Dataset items
[Start of section]

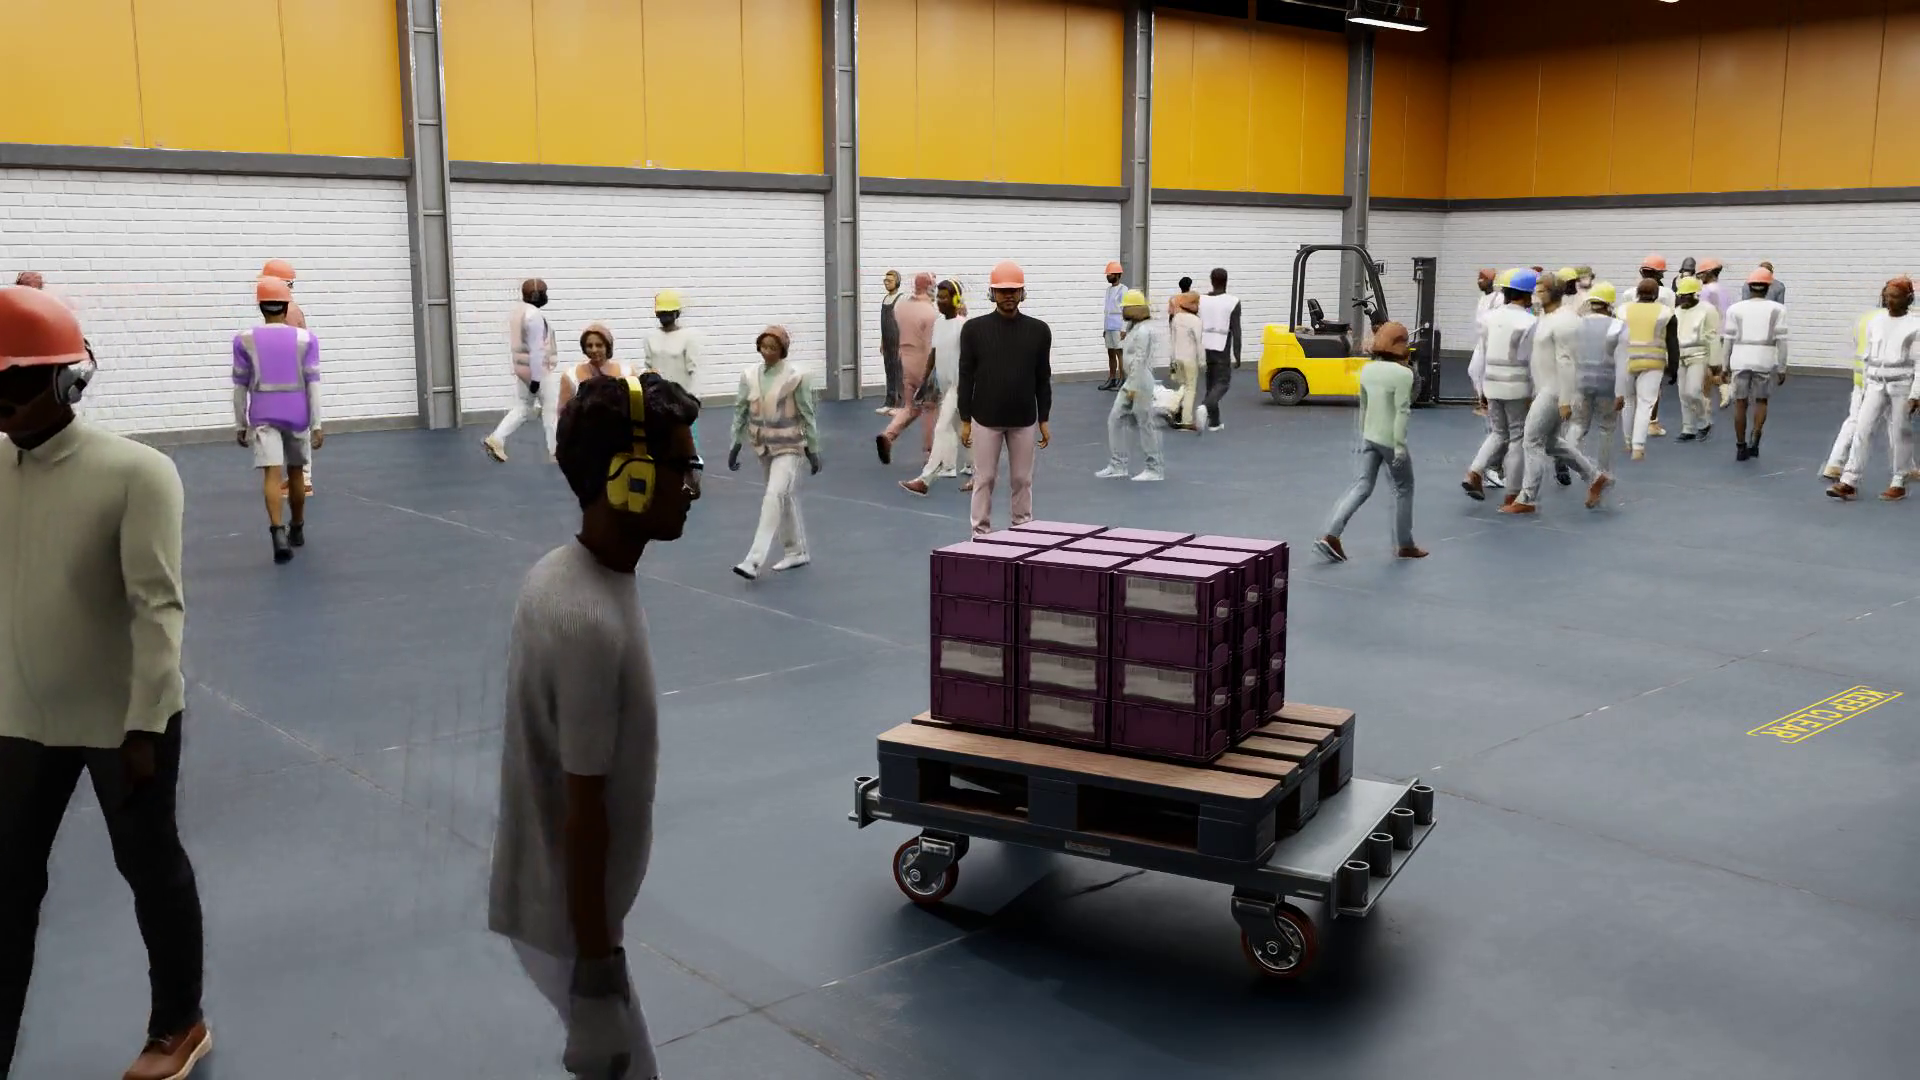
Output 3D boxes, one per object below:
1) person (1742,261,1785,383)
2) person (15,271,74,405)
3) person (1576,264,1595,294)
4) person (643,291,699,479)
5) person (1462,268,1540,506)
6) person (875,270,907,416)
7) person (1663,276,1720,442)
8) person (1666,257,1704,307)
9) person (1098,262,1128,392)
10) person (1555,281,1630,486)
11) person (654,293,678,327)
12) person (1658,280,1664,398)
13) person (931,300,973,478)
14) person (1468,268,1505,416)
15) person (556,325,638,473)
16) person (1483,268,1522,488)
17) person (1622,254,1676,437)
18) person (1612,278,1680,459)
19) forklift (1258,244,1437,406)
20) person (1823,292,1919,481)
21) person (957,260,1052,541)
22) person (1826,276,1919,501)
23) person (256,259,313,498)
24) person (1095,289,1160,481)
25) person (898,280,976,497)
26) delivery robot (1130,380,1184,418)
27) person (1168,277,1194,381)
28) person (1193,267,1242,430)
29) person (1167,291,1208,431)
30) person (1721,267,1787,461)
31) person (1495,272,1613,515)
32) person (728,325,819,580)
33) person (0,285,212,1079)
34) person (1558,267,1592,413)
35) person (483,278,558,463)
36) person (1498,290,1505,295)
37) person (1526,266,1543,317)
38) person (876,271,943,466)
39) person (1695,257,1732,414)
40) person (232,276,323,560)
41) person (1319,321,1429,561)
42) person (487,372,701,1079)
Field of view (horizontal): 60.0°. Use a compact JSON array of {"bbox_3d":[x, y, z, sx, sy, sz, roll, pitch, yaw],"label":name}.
[{"bbox_3d":[12.769,-3.461,26.500,0.634,1.938,0.355,4,10,22],"label":"person"},{"bbox_3d":[-7.907,-1.356,14.303,0.476,1.898,0.664,8,12,38],"label":"person"},{"bbox_3d":[8.371,-2.750,22.401,0.630,1.916,0.627,0,10,1],"label":"person"},{"bbox_3d":[-2.449,-1.213,13.978,0.531,1.722,0.882,2,10,13],"label":"person"},{"bbox_3d":[4.373,-1.192,13.274,0.527,1.922,0.628,-5,11,-25],"label":"person"},{"bbox_3d":[-0.857,-2.505,21.177,0.338,1.846,0.514,-7,12,-36],"label":"person"},{"bbox_3d":[7.907,-1.946,18.020,0.445,1.809,0.617,-4,10,-22],"label":"person"},{"bbox_3d":[12.052,-3.735,27.806,0.709,2.000,0.872,8,13,40],"label":"person"},{"bbox_3d":[2.302,-3.189,24.912,0.365,1.935,0.552,-5,11,-28],"label":"person"},{"bbox_3d":[5.505,-1.344,14.488,0.746,1.811,0.599,-9,13,-44],"label":"person"},{"bbox_3d":[-3.201,-1.901,18.295,0.288,1.625,0.497,-1,10,-3],"label":"person"},{"bbox_3d":[9.877,-2.869,23.741,0.319,1.697,0.532,-3,10,-15],"label":"person"},{"bbox_3d":[-0.035,-1.381,15.206,0.525,1.637,0.307,-8,12,-38],"label":"person"},{"bbox_3d":[6.671,-2.485,20.994,0.464,1.864,0.613,-2,10,-14],"label":"person"},{"bbox_3d":[-2.293,-0.576,10.626,0.534,1.592,0.881,0,10,-3],"label":"person"},{"bbox_3d":[4.742,-1.383,14.391,0.409,1.915,0.608,0,10,2],"label":"person"},{"bbox_3d":[7.721,-2.176,18.673,0.607,2.044,0.378,10,14,44],"label":"person"},{"bbox_3d":[6.926,-1.739,16.836,0.665,1.791,0.937,6,11,31],"label":"person"},{"bbox_3d":[5.256,-2.933,22.661,2.313,2.155,1.214,3,10,16],"label":"forklift"},{"bbox_3d":[8.222,-1.385,14.852,0.994,1.772,0.682,-3,10,-17],"label":"person"},{"bbox_3d":[0.289,-0.781,10.648,0.611,1.995,0.375,-2,10,-9],"label":"person"},{"bbox_3d":[7.561,-1.217,13.624,0.898,1.847,0.596,-6,11,-30],"label":"person"},{"bbox_3d":[-5.671,-1.355,14.000,0.375,1.997,0.612,-5,11,-27],"label":"person"},{"bbox_3d":[1.505,-1.374,14.937,0.680,1.721,0.494,-2,10,-11],"label":"person"},{"bbox_3d":[-0.125,-1.280,14.102,0.987,1.815,0.517,-6,11,-30],"label":"person"},{"bbox_3d":[2.331,-1.643,19.627,0.707,0.478,0.477,0,10,2],"label":"delivery robot"},{"bbox_3d":[3.616,-3.402,26.883,0.532,1.691,0.318,4,10,22],"label":"person"},{"bbox_3d":[2.910,-2.173,19.079,0.613,1.896,0.767,7,12,36],"label":"person"},{"bbox_3d":[2.662,-2.067,19.270,0.336,1.620,0.522,-5,11,-29],"label":"person"},{"bbox_3d":[7.850,-1.734,16.456,0.579,1.914,0.431,5,11,26],"label":"person"},{"bbox_3d":[4.689,-1.131,12.976,0.865,1.915,0.638,0,10,3],"label":"person"},{"bbox_3d":[-1.203,-0.540,10.404,0.548,1.581,0.881,6,12,33],"label":"person"},{"bbox_3d":[-2.049,0.421,3.742,0.617,1.952,0.880,1,10,5],"label":"person"},{"bbox_3d":[7.974,-2.610,21.676,0.593,1.891,0.780,8,13,39],"label":"person"},{"bbox_3d":[-4.206,-1.630,16.150,0.832,1.821,0.617,-7,12,-34],"label":"person"},{"bbox_3d":[9.281,-3.671,28.237,0.533,1.767,0.327,1,10,8],"label":"person"},{"bbox_3d":[10.081,-3.914,29.433,0.374,1.840,0.571,-1,10,-3],"label":"person"},{"bbox_3d":[-0.412,-1.617,15.859,0.735,1.888,0.654,-7,12,-36],"label":"person"},{"bbox_3d":[9.659,-2.604,21.267,0.657,2.011,0.684,-7,12,-36],"label":"person"},{"bbox_3d":[-4.604,-0.831,11.246,0.557,1.899,0.971,-4,10,-22],"label":"person"},{"bbox_3d":[2.760,-0.645,11.000,0.795,1.605,0.507,-5,11,-25],"label":"person"},{"bbox_3d":[-0.697,0.642,2.775,0.582,1.841,0.580,-3,10,-16],"label":"person"}]

[End of section]

Beginning with the line that has "23) person (256,259,313,498)" and ending with the line that has "42) person (487,372,701,1079)", set down the lines above exactly and include no others.

SOLVED PROBLEM
23) person (256,259,313,498)
24) person (1095,289,1160,481)
25) person (898,280,976,497)
26) delivery robot (1130,380,1184,418)
27) person (1168,277,1194,381)
28) person (1193,267,1242,430)
29) person (1167,291,1208,431)
30) person (1721,267,1787,461)
31) person (1495,272,1613,515)
32) person (728,325,819,580)
33) person (0,285,212,1079)
34) person (1558,267,1592,413)
35) person (483,278,558,463)
36) person (1498,290,1505,295)
37) person (1526,266,1543,317)
38) person (876,271,943,466)
39) person (1695,257,1732,414)
40) person (232,276,323,560)
41) person (1319,321,1429,561)
42) person (487,372,701,1079)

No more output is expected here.